Government officials say the economy, which shrank in the
second quarter at its sharpest rate in seven years, is either
heading into a recession or already in one, at least under a
Japanese definition of a downturn in the economic cycle.

The economy is expected to have contracted 0.8 percent in the
April-June quarter, a deeper decline than the government’s
initial reading of a 0.6 percent contraction, according to a
Reuters poll.

Revised gross domestic product data is due out at 8:50 a.m.
on Friday .

The weak reading in machinery orders underscored economists’
dim outlook for corporate capital spending.

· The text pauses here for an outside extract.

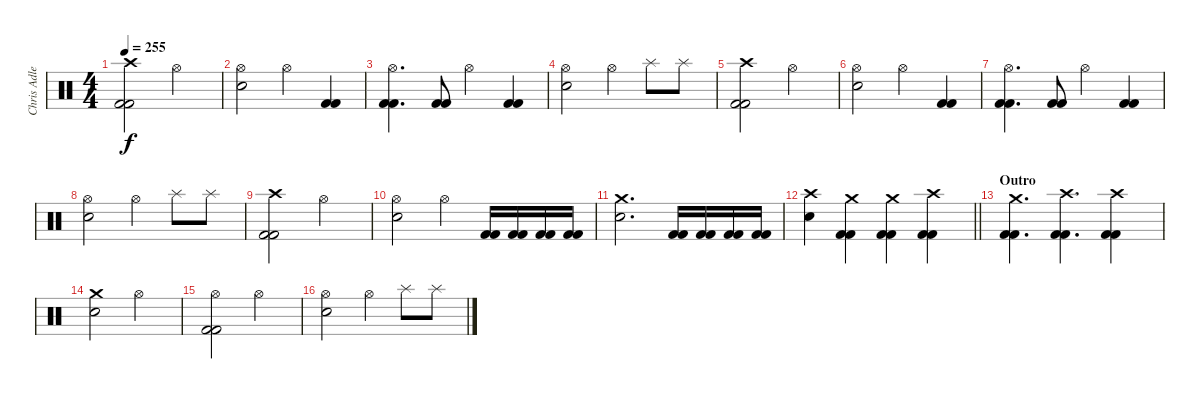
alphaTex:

“The latest data suggests that a slowdown in capital
investment is likely from the second half of fiscal 2008/09 to
the next business year as the data is a harbinger of capital
investment in six to nine months,” said Naoki Iizuka, senior
economist, Mizuho Securities.

“While the Japanese economy is widely seen to be in a
recession, capital investment is not deteriorating sharply and
chances of a trough in the economic cycle becoming much deeper
than expected are slim.”

Corporate capital spending has been a key driver of Japan’s
economy, whose longest post-war expansion has been a casualty of
slowing global growth and high energy prices.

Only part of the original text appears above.